Checked out some new and/or newly-repaired shootin' arns at the range today:
The Iver Johnson 8-shooter doesn't like cheap .22s. Sometimes it has doubts about CCI Mini-Mags, too. But -- it shoots to point of aim and though the grip angle is unusual, it's not at all bad. DA trigger pull is both longer and less smooth than the High Standard Sentinel 9-shooter, which I took for comparision, but it's not bad, either.

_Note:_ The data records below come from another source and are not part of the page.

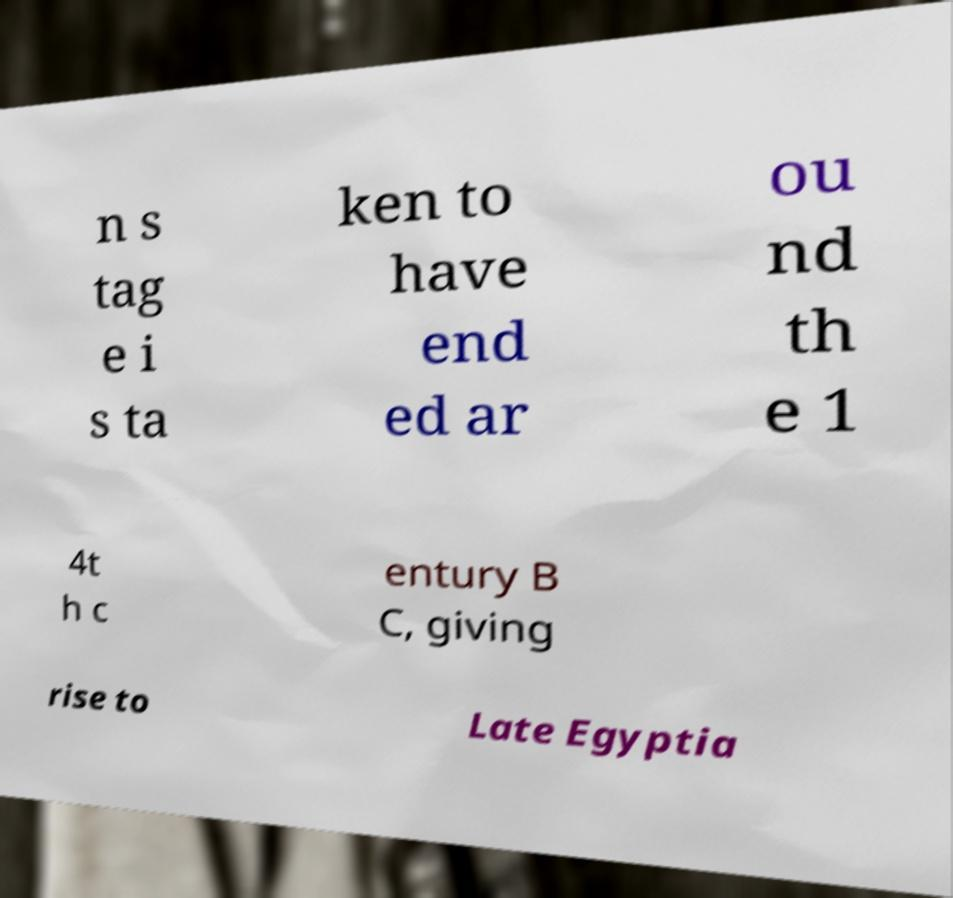Please identify and transcribe the text found in this image. n s tag e i s ta ken to have end ed ar ou nd th e 1 4t h c entury B C, giving rise to Late Egyptia 
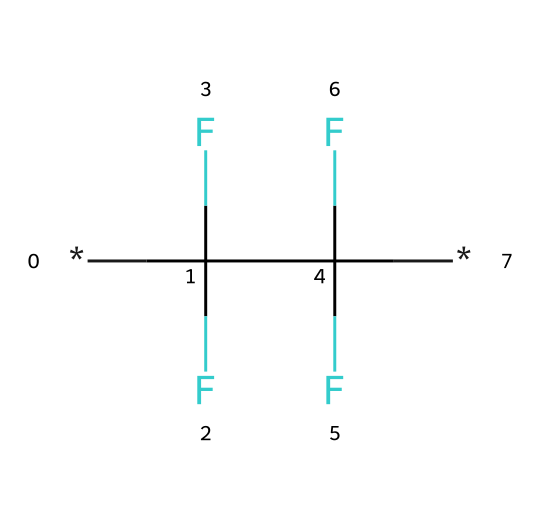What is the main component of the non-stick coating? The chemical represented by the SMILES is polytetrafluoroethylene (PTFE), which is known for its non-stick properties in coatings.
Answer: polytetrafluoroethylene How many carbon atoms are in the chemical structure? The SMILES contains a total of 2 carbon (C) atoms that are bonded to fluorine atoms, contributing to the structure of PTFE.
Answer: 2 What type of bonds are present in this chemical? The structure contains carbon-fluorine (C-F) bonds primarily, which are characteristic of fluoropolymers like PTFE, known for their strength and stability.
Answer: carbon-fluorine What is the total number of fluorine atoms in this molecule? Counting the fluorine (F) atoms represented in the SMILES, there are four fluorine atoms bonded to the carbon atoms, which is typical for PTFE.
Answer: 4 What property does the fluorine contribute to the lubricant? The fluorine atoms provide hydrophobicity to the chemical, making it non-reactive and giving it excellent lubricant properties, which is essential for a non-stick surface.
Answer: hydrophobicity Why is PTFE considered a good lubricant? PTFE's molecular structure, with its strong carbon-fluorine bonds and non-stick nature, allows it to reduce friction and wear on surfaces, making it an excellent lubricant in various applications.
Answer: reduces friction 
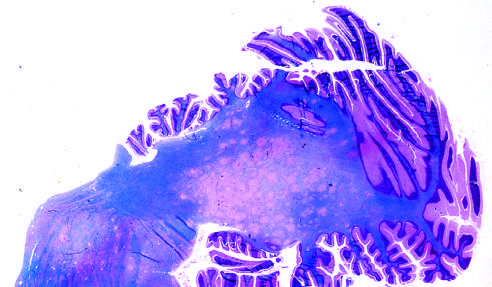what shows irregular, poorly defined areas of demyelination, which become confluent in places?
Answer the question using a single word or phrase. Section stained for myeln 
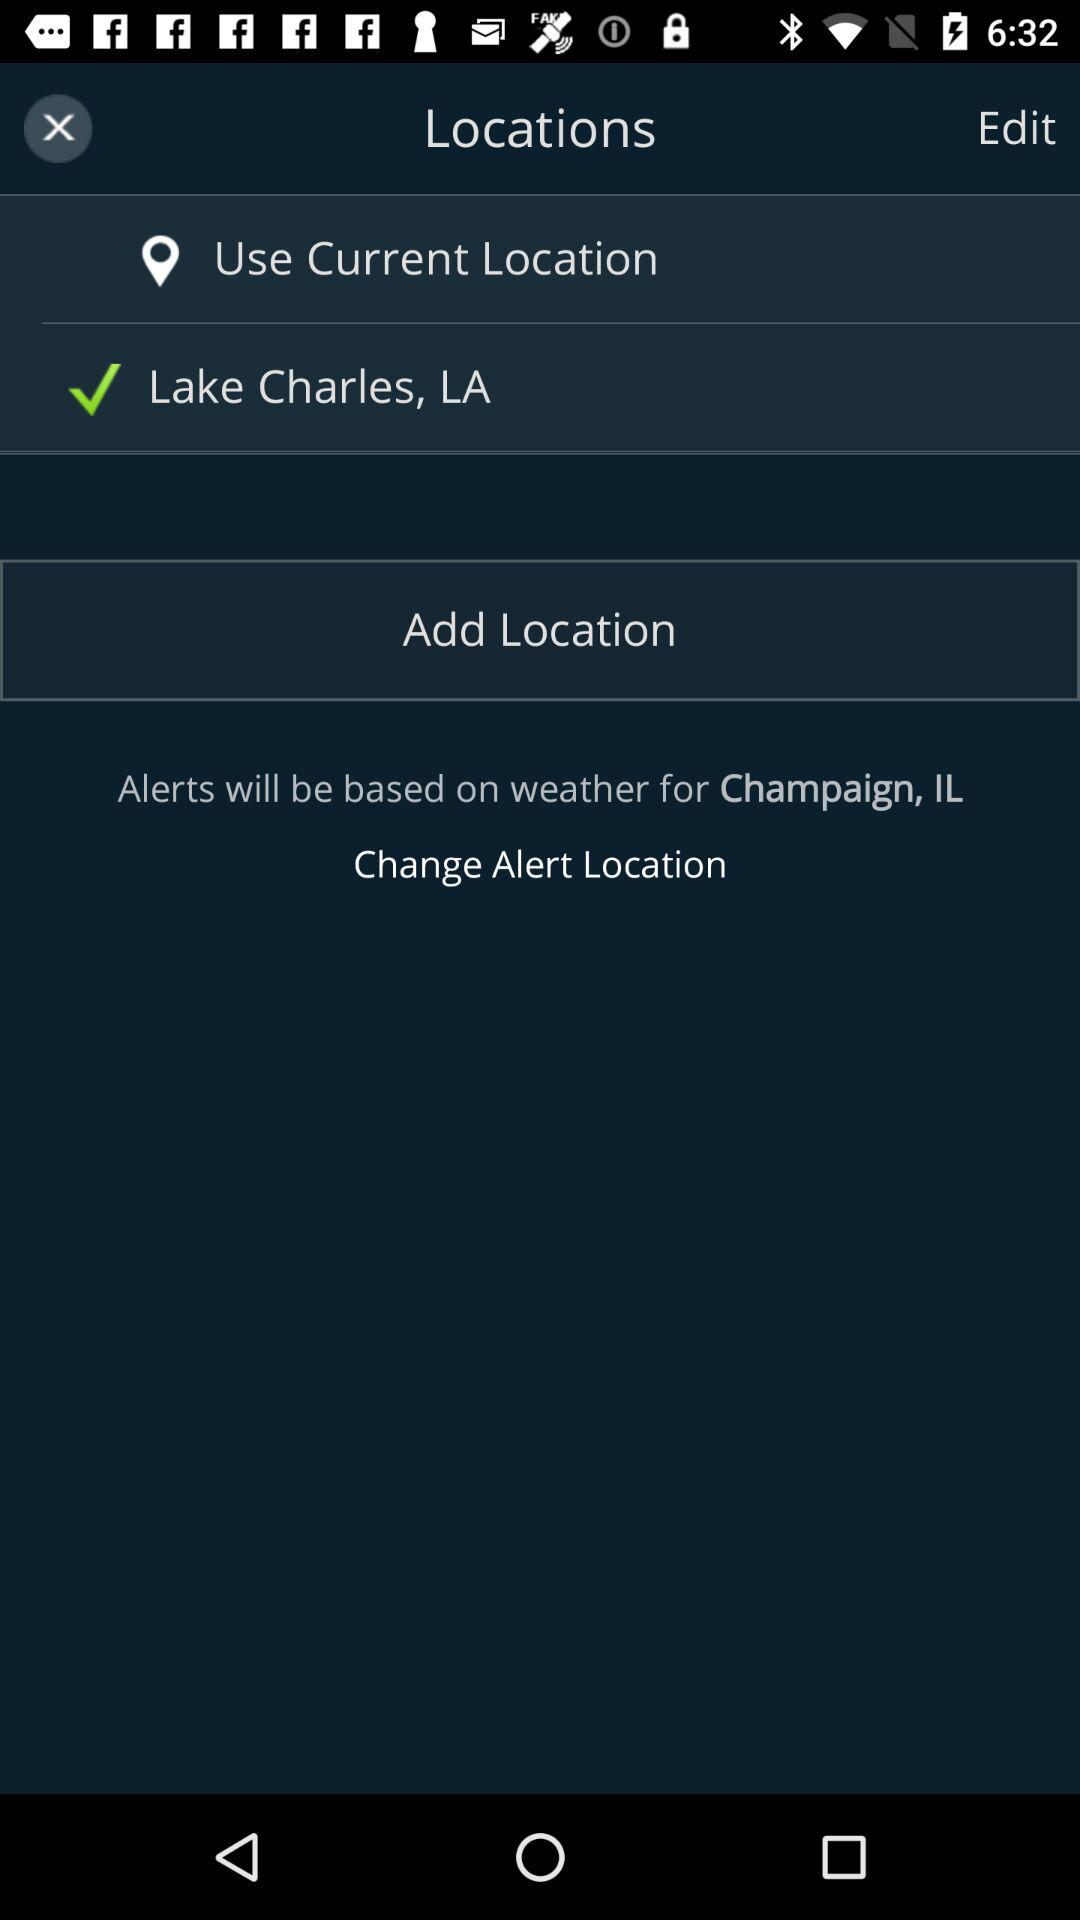How many locations are not the current location?
Answer the question using a single word or phrase. 1

I didn't clean the Iver Johnson revolver before taking it to the range, which may make a difference.
Between the two, I have decided .22 revolvers are about as much fun as you can have with your socks on.
Coal Creek Armory's gunsmiths worked over my reblued Colt Police Positive revolver in .32-20. I sent them a barely-functioning firearm -- whoever reblued it had bent the crane! -- and I got back a smooth-running Colt, more than typical of the breed. .32-20 is fun, too: it makes a nice loud boom and even a bit extra smoke, but the recoil is minor.
Last but a standout as well, the Colt Government Model .380 semi-auto. I mostly shoot .380 in short-gripped pocket pistols. This one has a full-length grip and it certainly makes a difference. I only put 40-some rounds though it (I misplaced one box, found it as I was packing up to go home) but it ran like a champ. The sights are good enough for me -- I know some shooters find them a little small.
After "teething difficulties" with the Iver Johnson, I wasn't unhappy with my shooting. Double-action revolvers are, in my opinion, excellent platforms for practicing grip, stance and control. As you learn to hold steady through the pull, you're building muscle memory and confidence that carries though anything you might shoot.
(It seems I have a rep at Eagle Creek as "the woman who brings odd guns," and most of the ROs wandered by to see what I'd brought today. It does make for conversation.)